**Brief**
What you return should be every line below, word for word, and none of the images.
━━━ Task material ━━━
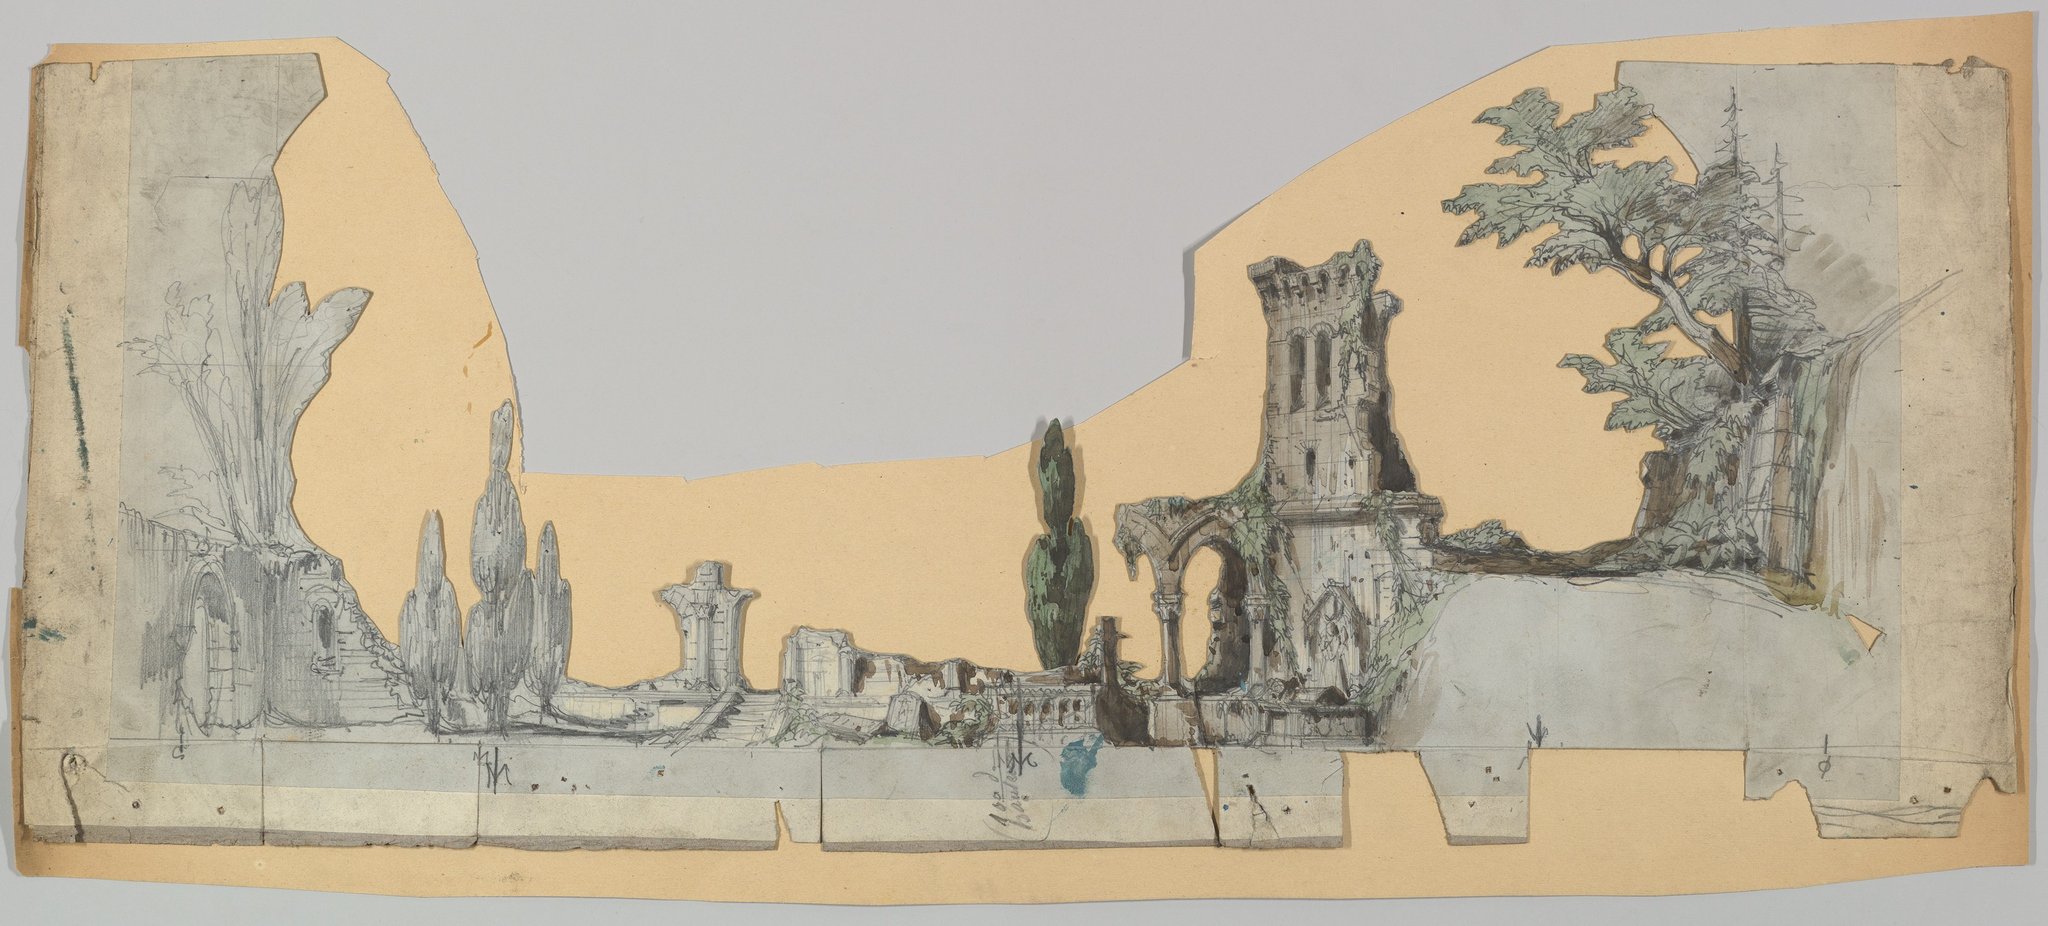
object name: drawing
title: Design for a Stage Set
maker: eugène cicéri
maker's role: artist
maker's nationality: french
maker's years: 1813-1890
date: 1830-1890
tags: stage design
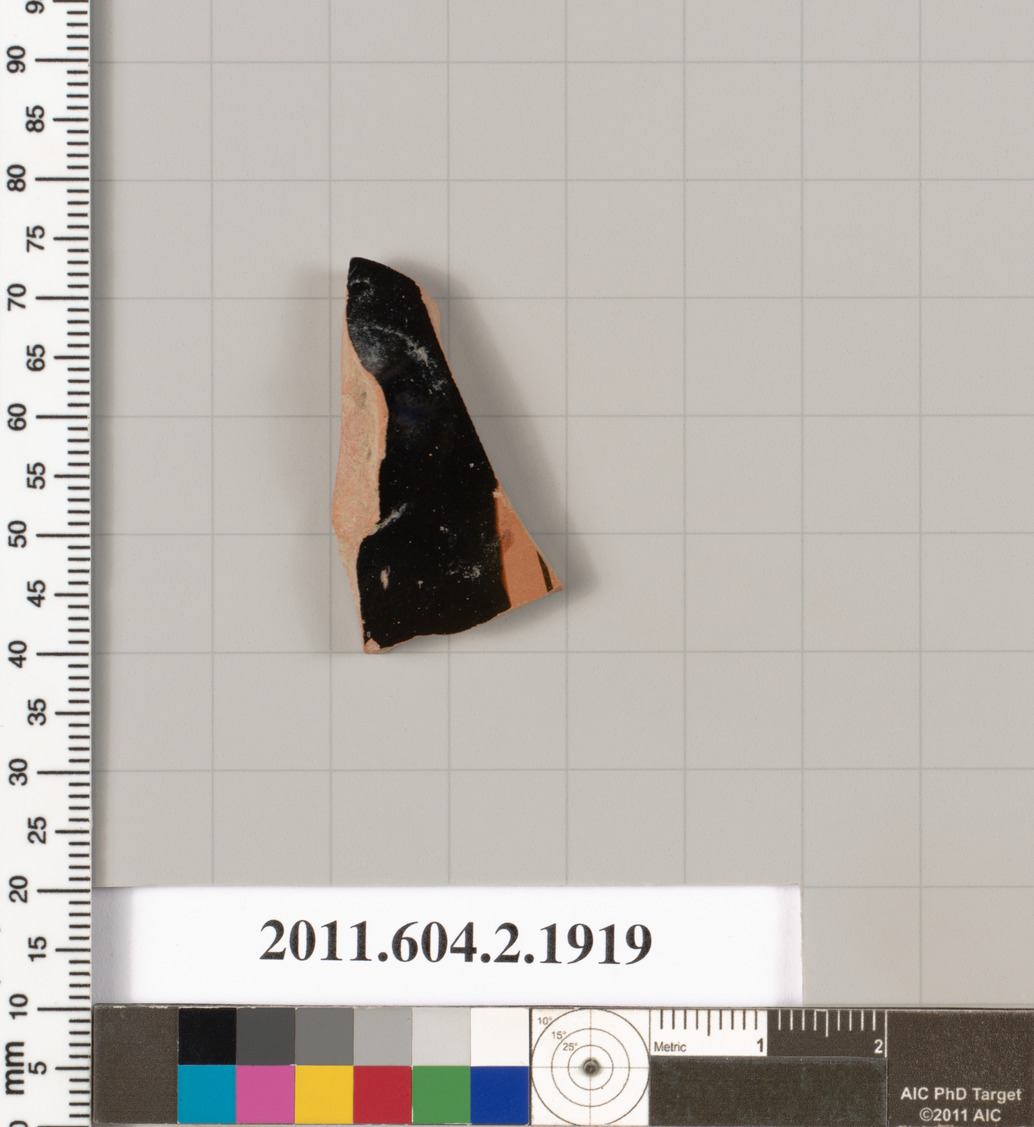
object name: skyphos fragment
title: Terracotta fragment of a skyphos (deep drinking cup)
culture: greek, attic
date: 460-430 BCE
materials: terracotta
━━━
**Response to this exercise**
object name: drawing
title: Design for a Stage Set
maker: eugène cicéri
maker's role: artist
maker's nationality: french
maker's years: 1813-1890
date: 1830-1890
tags: stage design
object name: skyphos fragment
title: Terracotta fragment of a skyphos (deep drinking cup)
culture: greek, attic
date: 460-430 BCE
materials: terracotta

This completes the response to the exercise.